In full and word for word, copy the listing; no pictures belong in the copy.

RECORDS SHOWN:
-*-

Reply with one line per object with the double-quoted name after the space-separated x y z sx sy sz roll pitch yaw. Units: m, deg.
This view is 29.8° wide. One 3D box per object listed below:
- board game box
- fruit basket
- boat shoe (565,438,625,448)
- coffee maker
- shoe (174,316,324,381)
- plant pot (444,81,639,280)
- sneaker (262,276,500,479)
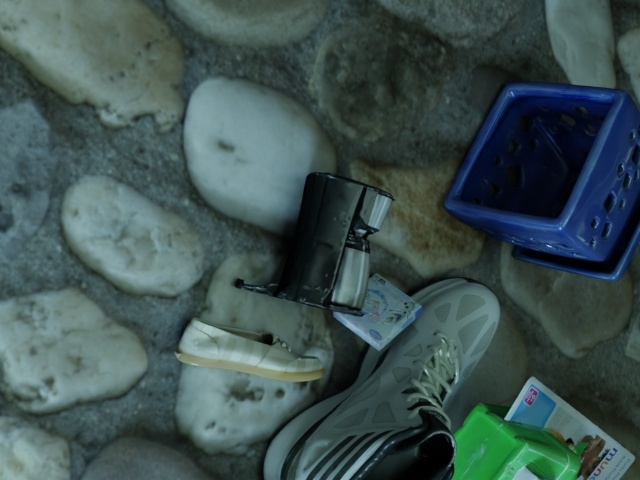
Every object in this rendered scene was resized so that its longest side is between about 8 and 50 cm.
0.080 0.100 1.693 0.090 0.090 0.020 -38 147 -25 "board game box"
0.294 0.391 1.735 0.327 0.165 0.353 -52 128 0 "fruit basket"
0.448 0.340 1.977 0.152 0.056 0.049 26 75 -42 "boat shoe"
0.000 0.000 1.611 0.171 0.120 0.178 16 85 -32 "coffee maker"
-0.085 0.146 1.593 0.219 0.076 0.058 13 92 -31 "shoe"
0.365 -0.079 1.783 0.212 0.236 0.236 38 74 -37 "plant pot"
0.150 0.229 1.646 0.447 0.257 0.169 -43 115 -23 "sneaker"
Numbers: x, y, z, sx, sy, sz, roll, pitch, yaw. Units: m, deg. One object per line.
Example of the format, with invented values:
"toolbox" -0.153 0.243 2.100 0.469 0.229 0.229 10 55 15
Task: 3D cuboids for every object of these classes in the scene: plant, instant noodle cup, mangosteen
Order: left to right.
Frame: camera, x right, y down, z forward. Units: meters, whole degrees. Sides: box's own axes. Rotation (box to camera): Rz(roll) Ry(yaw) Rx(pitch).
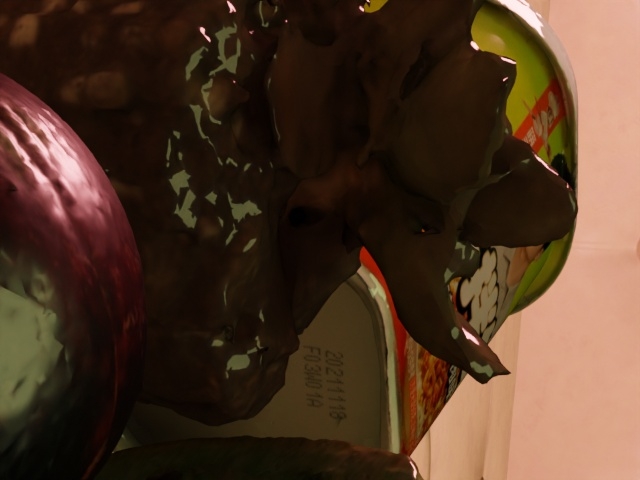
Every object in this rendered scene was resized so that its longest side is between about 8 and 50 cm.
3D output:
"mangosteen" -0.164 0.019 0.611 0.216 0.216 0.216 3 90 -76
"plant" -0.035 -0.039 0.882 0.213 0.312 0.215 -69 155 -60
"instant noodle cup" 0.000 0.000 1.185 0.308 0.294 0.294 -53 145 -53

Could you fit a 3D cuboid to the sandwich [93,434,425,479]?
"sandwich" -0.093 0.221 0.930 0.162 0.250 0.301 53 47 -44
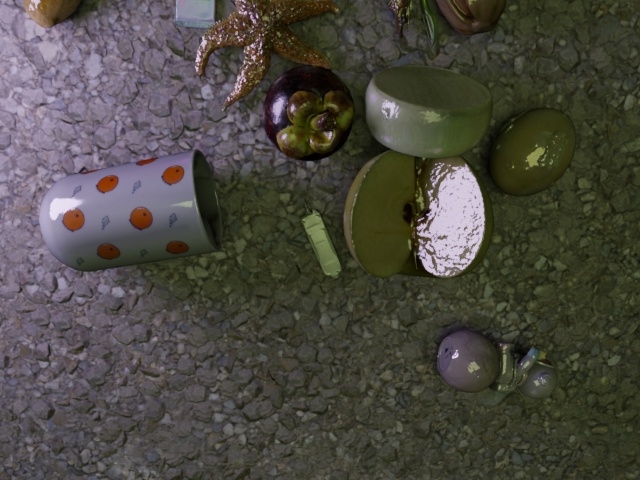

-*-

RESPONSE:
Reply with one line per object with the double-quoted name after the space-separated x y z sx sy sz roll pitch yaw. Units: m, deg.
This view is 29.8° wide. One 3D box per object listed below:
- board game box
- fruit basket
- boat shoe (565,438,625,448)
- coffee maker
- shoe (174,316,324,381)
- plant pot (444,81,639,280)
- sneaker (262,276,500,479)
Every object in this rendered scene was resized so that its longest side is between about 8 and 50 cm.
0.080 0.100 1.693 0.090 0.090 0.020 -38 147 -25 "board game box"
0.294 0.391 1.735 0.327 0.165 0.353 -52 128 0 "fruit basket"
0.448 0.340 1.977 0.152 0.056 0.049 26 75 -42 "boat shoe"
0.000 0.000 1.611 0.171 0.120 0.178 16 85 -32 "coffee maker"
-0.085 0.146 1.593 0.219 0.076 0.058 13 92 -31 "shoe"
0.365 -0.079 1.783 0.212 0.236 0.236 38 74 -37 "plant pot"
0.150 0.229 1.646 0.447 0.257 0.169 -43 115 -23 "sneaker"
Numbers: x, y, z, sx, sy, sz, roll, pitch, yaw. Units: m, deg. One object per line.
Example of the format, with invented values:
"toolbox" -0.153 0.243 2.100 0.469 0.229 0.229 10 55 15
Task: 3D cuboids for every object of these classes in the scene: plant, instant noodle cup, mangosteen
Order: left to right.
Frame: camera, x right, y down, z forward. Units: meters, whole degrees. Sides: box's own axes. Rotation (box to camera): Rz(roll) Ry(yaw) Rx(pitch).
Every object in this rendered scene was resized so that its longest side is between about 8 and 50 cm.
3D output:
"mangosteen" -0.164 0.019 0.611 0.216 0.216 0.216 3 90 -76
"plant" -0.035 -0.039 0.882 0.213 0.312 0.215 -69 155 -60
"instant noodle cup" 0.000 0.000 1.185 0.308 0.294 0.294 -53 145 -53

Could you fit a 3D cuboid to the sandwich [93,434,425,479]?
"sandwich" -0.093 0.221 0.930 0.162 0.250 0.301 53 47 -44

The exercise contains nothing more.